On the morning of 28 September 1943, the Mercedes was parked for a few minutes before picking up its passenger. Alfonso fired at the SS officer as he got into the car. The windshield blocked the bullets, but the man was injured, probably by flying glass. He attempted to get out of the car through the opposite door, but Rayman hit him, fatally, with three bullets. The fighters only learned the man's identity through the German press: it was General Julius Ritter, the assistant in France to Fritz Sauckel, who was responsible for the mobilization and deportation of labor under the German STO (Obligatory Work Service) in Nazi-occupied Europe.
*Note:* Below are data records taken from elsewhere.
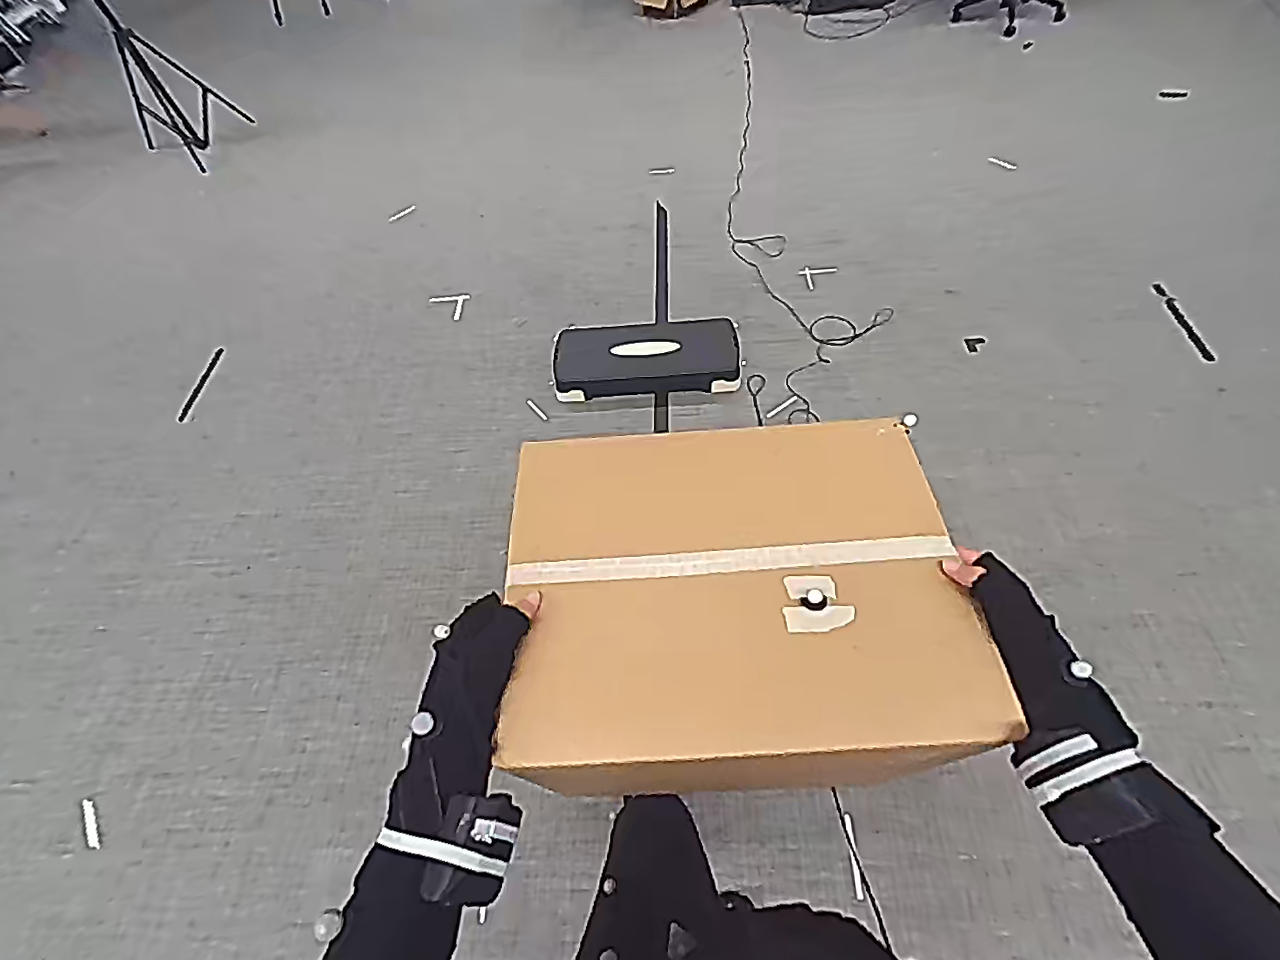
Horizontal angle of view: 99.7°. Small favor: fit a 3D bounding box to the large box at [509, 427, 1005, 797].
[{"bbox_3d":[0.090,0.166,0.631,0.408,0.320,0.320,-4,55,1],"label":"large box"}]
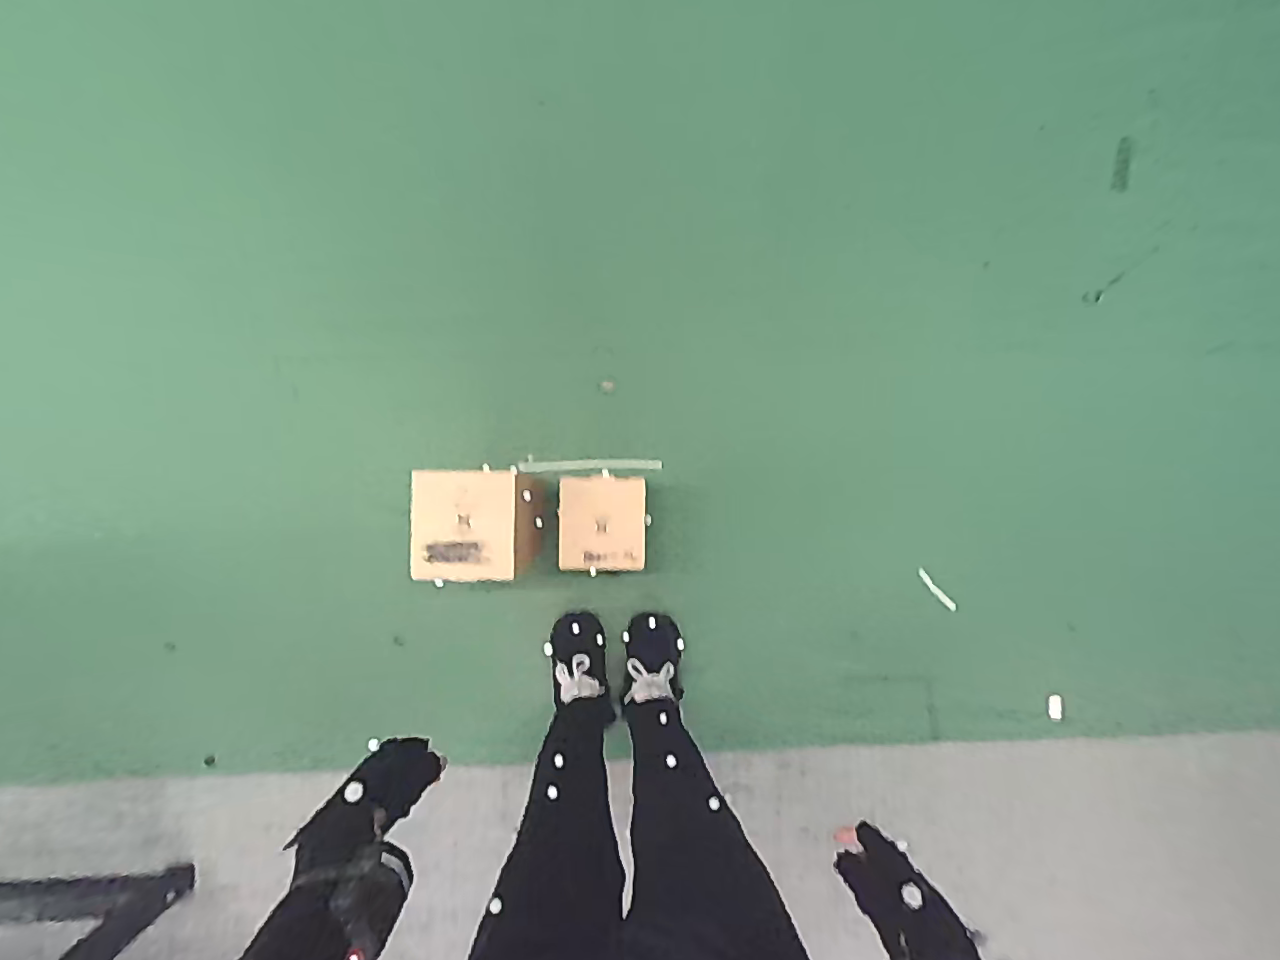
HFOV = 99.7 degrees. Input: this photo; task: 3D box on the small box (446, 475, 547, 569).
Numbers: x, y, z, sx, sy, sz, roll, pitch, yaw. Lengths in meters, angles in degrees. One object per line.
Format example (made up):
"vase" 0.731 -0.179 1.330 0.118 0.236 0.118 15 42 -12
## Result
"small box" -0.290 0.081 1.121 0.168 0.176 0.179 3 89 -1
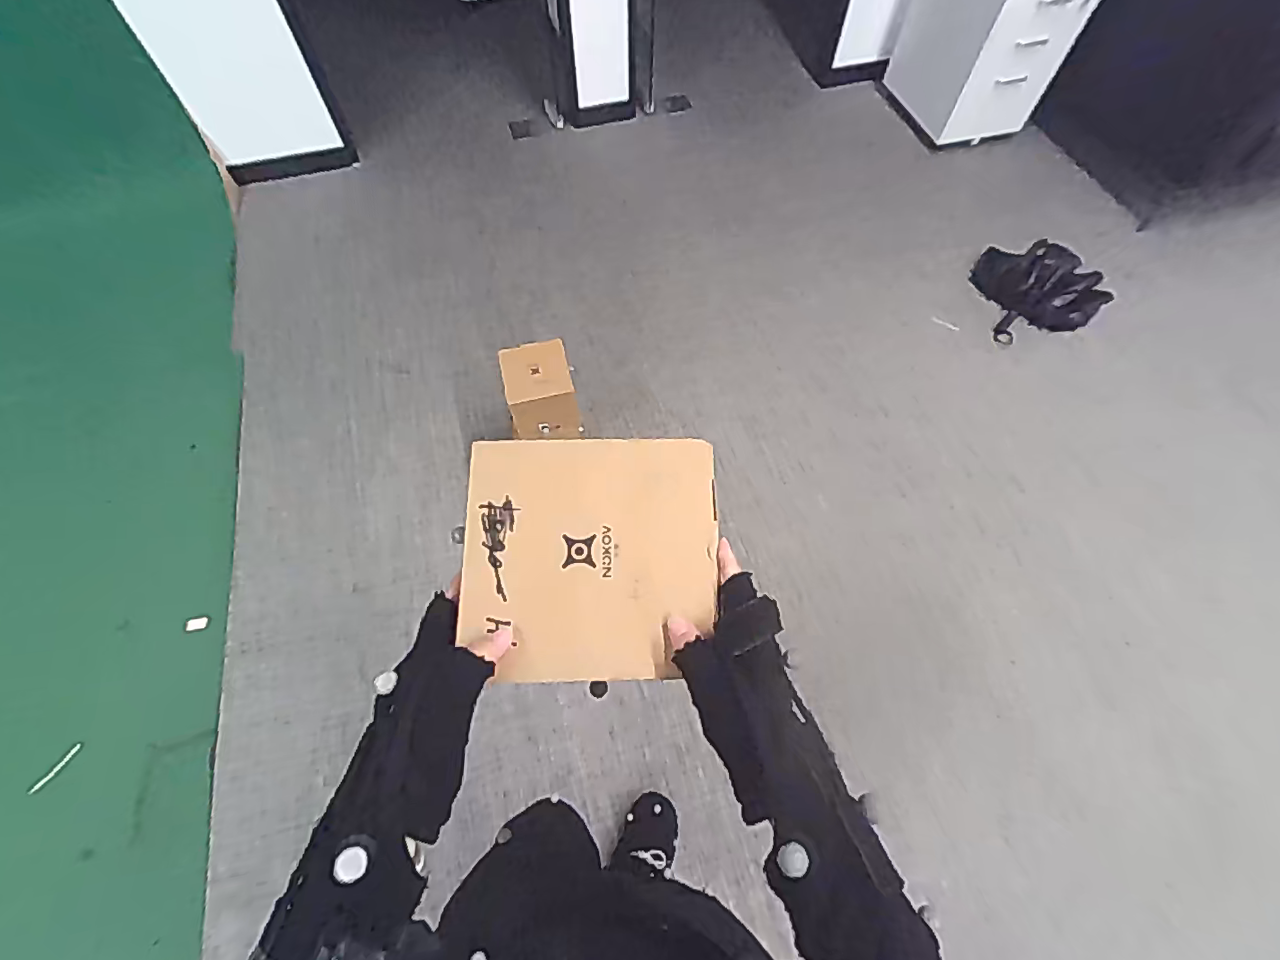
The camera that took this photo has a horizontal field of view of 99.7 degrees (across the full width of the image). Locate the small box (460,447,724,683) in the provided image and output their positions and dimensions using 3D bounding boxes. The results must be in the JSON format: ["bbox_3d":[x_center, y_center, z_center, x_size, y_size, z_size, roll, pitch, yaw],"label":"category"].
[{"bbox_3d":[-0.036,0.080,0.454,0.179,0.176,0.168,0,70,-3],"label":"small box"}]

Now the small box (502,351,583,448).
[{"bbox_3d":[-0.254,-0.207,1.428,0.168,0.176,0.179,-14,63,-6],"label":"small box"}]

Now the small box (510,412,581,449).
[{"bbox_3d":[-0.266,-0.122,1.565,0.179,0.176,0.168,-12,62,-7],"label":"small box"}]

Ritter was the chief recruiter of slave labor in occupied France.
The front-page denunciation of this "abominable act" and the official funeral at the église de la Madeleine gave the operation even more impact.
Arrest and execution
Alfonso was arrested in October 1943, and he was shot at the fort Mont-Valérien on 21 February 1944, along with 21 other members of the FTP-MOI. He had a wife and a small child.[1]
Affiche rouge
Alfonso's name was featured on the Affiche rouge poster, as: Alfonso, Espagnol rouge, 7 attentats (Alfonso, Spanish Communist, 7 attacks)[2]
See also
- Main-d'œuvre immigrée
- Francs-tireurs et partisans - Main-d'œuvre immigrée
- Affiche rouge
External links
- (in French) L'Affiche rouge - Manouchian
- (in French) Discours d'André Santini et Henry Karayan
Notes
- "ivry94.fr/fileadmin/MEDIA/fichiers/pdf/expo_manouchian.pdf" (PDF). Archived from the original (PDF) on 23 February 2016. Retrieved 23 June 2010.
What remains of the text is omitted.